Tech stack: Ruby on Rails 8.1, cookie-based session store, OmniAuth/Keycloak SSO.

Change: Adds config/initializers/session_store.rb with a single line setting expire_after: 30.days on the cookie store.

Correctness:

  • Rails default is :cookie_store with no expire_after, meaning ephemeral browser-session cookies. This change correctly overrides that to persist the session across browser restarts.
  • The expire_after option sets the Max-Age attribute on the cookie, which is the standard mechanism for persistent cookies. This is the correct Rails API.
  • 30 days is a reasonable duration for a crew-facing app where users should not need to re-authenticate frequently.

Security analysis:

  • httponly: Rails sets this by default on session cookies via ActionDispatch -- no risk of JS access.
  • secure flag: Production has config.assume_ssl = true (line 29 of production.rb). In Rails 8.x, this causes ActionDispatch to mark cookies as secure. The cookie will not be sent over plain HTTP in production. Confirmed safe.
  • SameSite: Rails 8.x defaults to SameSite=Lax, which provides CSRF protection for the cookie. No concern.
  • Session content: The session stores {username, email, roles} (per sessions_controller.rb:17-21). Extending cookie lifetime to 30 days means this data persists longer. Since Rails encrypts/signs the cookie by default, the data is not exposed client-side. Acceptable.
  • Logout still works: session.delete(:user) in SessionsController#destroy clears the server-side session data, and Rails will issue a new (empty) cookie. The 30-day expiry does not interfere with explicit logout.

One consideration (not a blocker): The Keycloak SSO session has a separate idle timeout (30 min by default, per the PR body).
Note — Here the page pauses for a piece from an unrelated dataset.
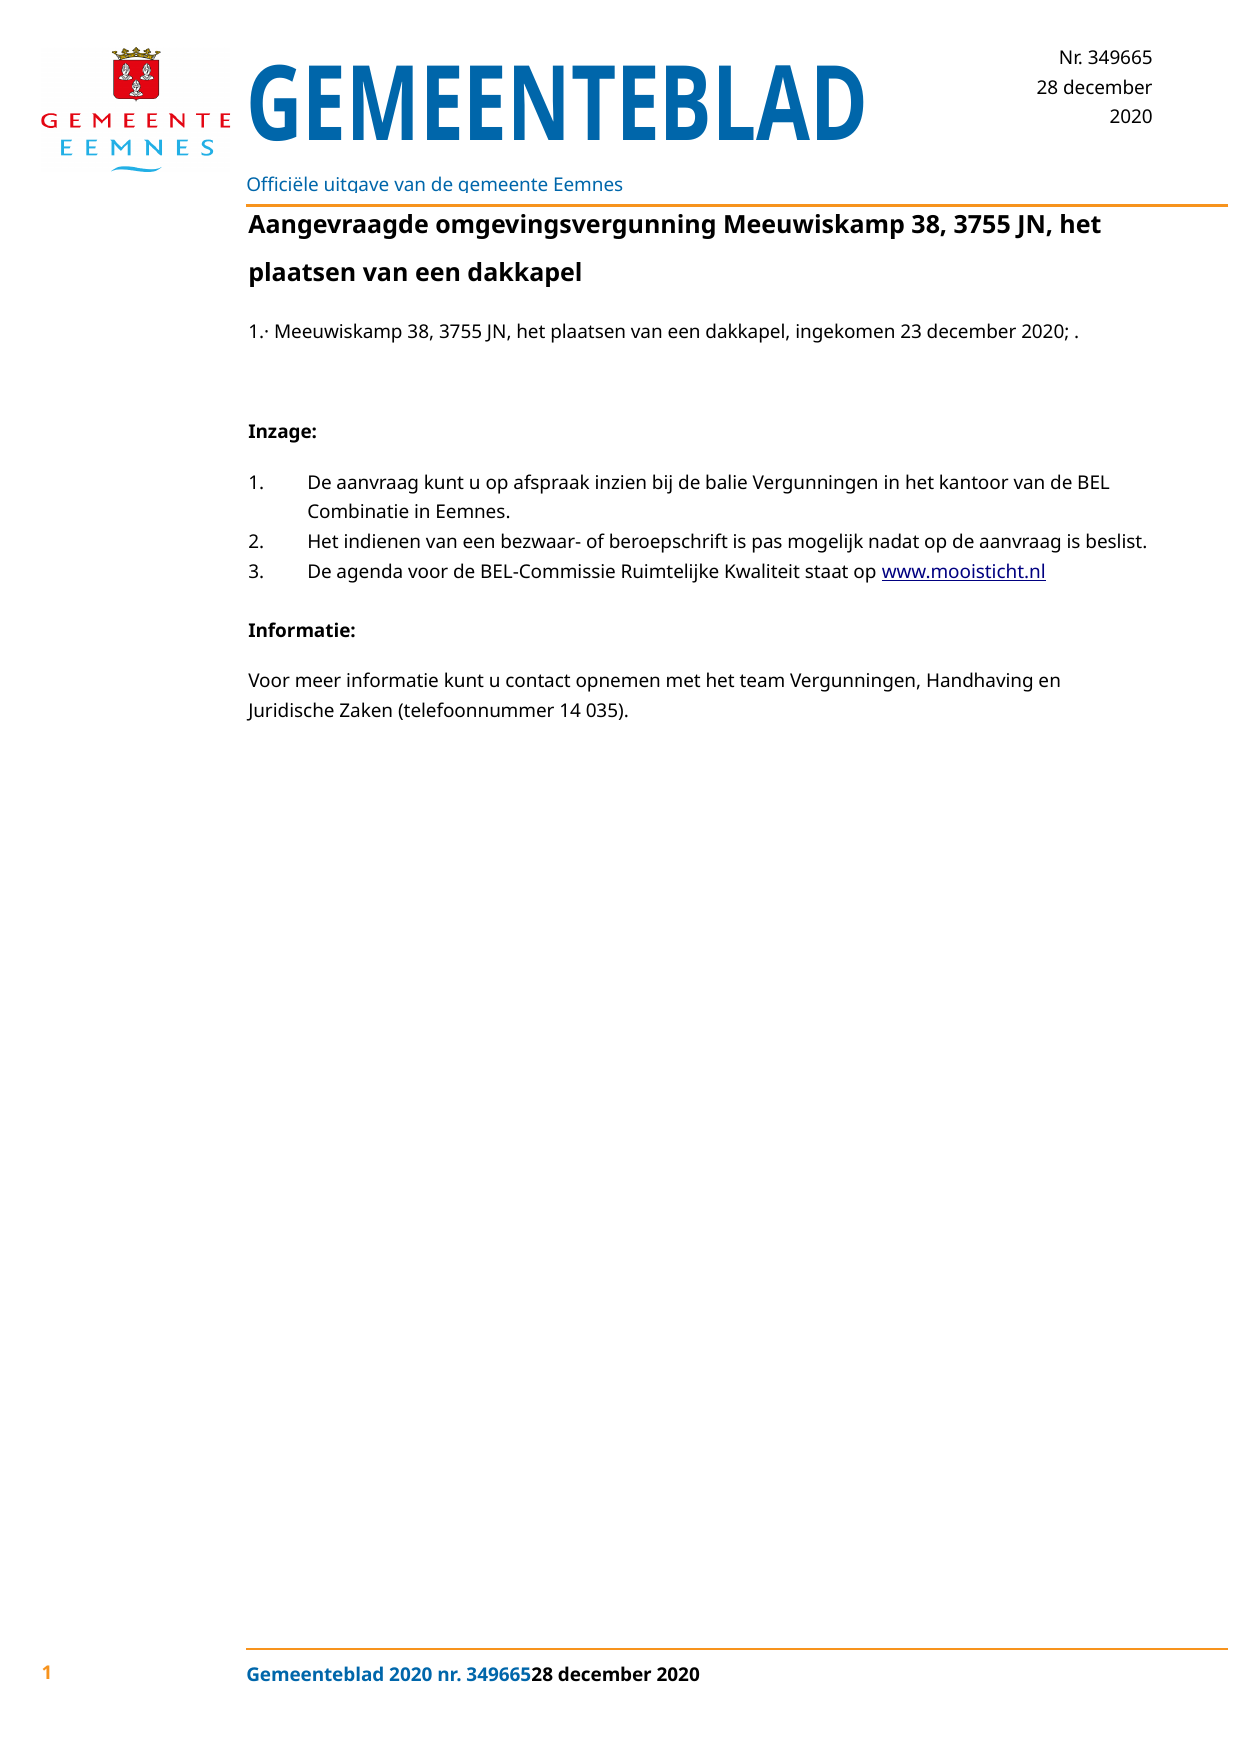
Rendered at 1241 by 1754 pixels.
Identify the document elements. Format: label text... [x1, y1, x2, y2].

After the Keycloak session expires, the Rails cookie will still keep the user "logged in" to the Rails app until either: (a) 30 days pass, or (b) the user explicitly logs out. This is acknowledged in the PR body as a known gap requiring a separate Terraform change. For this app's threat model (internal crew tool on Tailscale), this is acceptable.

BLOCKERS

None. This is a one-line declarative configuration change with no logic to test, no user input, no secrets, and correct security posture.

On test coverage: Normally new functionality without tests is a blocker. However, this is a Rails initializer setting a framework-provided option. The behavior (cookie Max-Age header) is tested by Rails itself. An integration test proving "session persists after browser close" would require browser lifecycle management beyond what RSpec/Capybara provides in-process. No test gap here.

NITS

  1. The file has no trailing newline after the single line. Most editors and linters prefer files end with \n. Minor -- git diff shows \ No newline at end of file is not present, so this is fine.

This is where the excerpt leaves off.